## VerifyThis @ FM 2012, problem 1

Longest Repeated Substring

Authors: Claude Marché / François Bobot

Tools: Why3

References: VerifyThis @ FM2012

see also the index (by topic, by tool, by reference, by year)

# VerifyThis@fm2012 competition, Challenge 1: Longest Repeated Substring

The following is the original description of the verification task, reproduced verbatim. A reference implementation in Java (based on code by Robert Sedgewick and Kevin Wayne) was also given. The Why3 implementation below follows the Java implementation as faithfully as possible.

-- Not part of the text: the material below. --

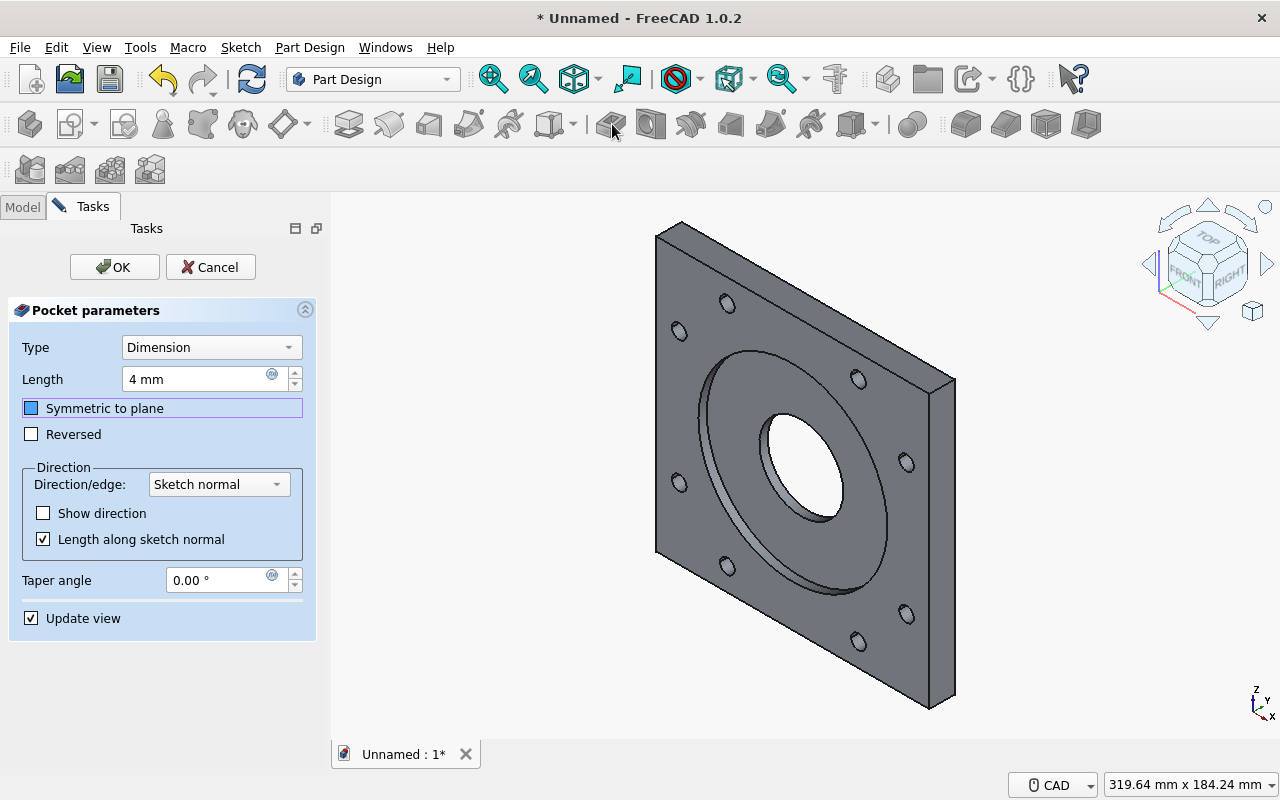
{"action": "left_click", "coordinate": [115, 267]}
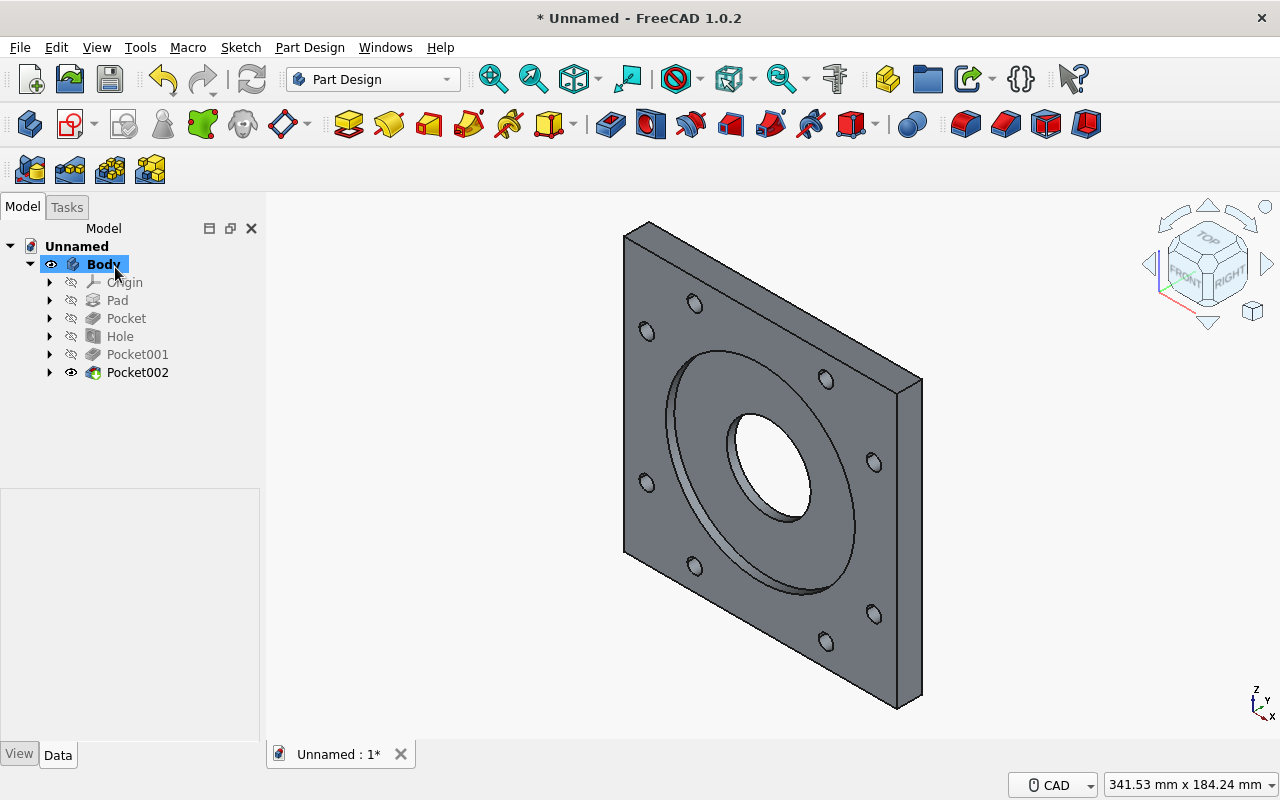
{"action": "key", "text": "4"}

```Longest Common Prefix (LCP) - 45 minutes

-----------------

Longest Common Prefix (LCP) is an algorithm used for text querying. In
the following, we model text as an integer array. You may use other
representations (e.g., Java Strings), if your system supports them.

LCP can be implemented with the pseudocode given below. Formalize and
verify the following informal specification for LCP.

Input:  an integer array a, and two indices x and y into this array
Output: length of the longest common prefix of the subarrays of a
starting at x and y respectively.

Pseudocode:

int lcp(int[] a, int x, int y) {
int l = 0;
while (x+l<a.length && y+l<a.length && a[x+l]==a[y+l]) {
l++;
}
return l;
}

========

BACKGROUND
----------

Together with a suffix array, LCP can be used to solve interesting text
problems, such as finding the longest repeated substring (LRS) in a text.

A suffix array (for a given text) is an array of all suffixes of the
text. For the text [7,8,8,6], the suffix array is
[[7,8,8,6],
[8,8,6],
[8,6],
[6]]

Typically, the suffixes are not stored explicitly as above but
represented as pointers into the original text. The suffixes in a suffix
array  are sorted in lexicographical order. This way, occurrences of
repeated substrings in the original text are neighbors in the suffix
array.

For the above, example (assuming pointers are 0-based integers), the
sorted suffix array is:

[3,0,2,1]

-----------------

The attached Java code contains an implementation of a suffix array
(SuffixArray.java), consisting essentially of a lexicographical
comparison on arrays, a sorting routine, and LCP.

The client code (LRS.java) uses these to solve the LRS problem. Verify
that it does so correctly.
```

## First module: longest common prefix

it corresponds to the basic part of the challenge

```module LCP

use export int.Int
use array.Array

predicate is_common_prefix (a:array int) (x y l:int) =
0 <= l /\ x+l <= a.length /\ y+l <= a.length /\
(forall i:int. 0 <= i < l -> a[x+i] = a[y+i])
```

`is_common_prefix a x y l` is true when the prefixes of length `l` at respective positions `x` and `y` in array `a` are identical. In other words, the array parts `a[x..x+l-1]` and `a[y..y+l-1]` are equal

```lemma not_common_prefix_if_last_char_are_different:
forall a:array int, x y:int, l:int.
0 <= l /\ x+l < a.length /\ y+l < a.length /\ a[x+l] <> a[y+l] ->
not is_common_prefix a x y (l+1)
```

This lemma helps for the proof of `lcp` (but is not mandatory) and is needed later (for `le_trans`)

```predicate is_longest_common_prefix (a:array int) (x y l:int) =
is_common_prefix a x y l /\
forall m:int. l < m -> not (is_common_prefix a x y m)
```

`is_longest_common_prefix a x y l` is true when `l` is the maximal length such that prefixes at positions `x` and `y` in array `a` are identical.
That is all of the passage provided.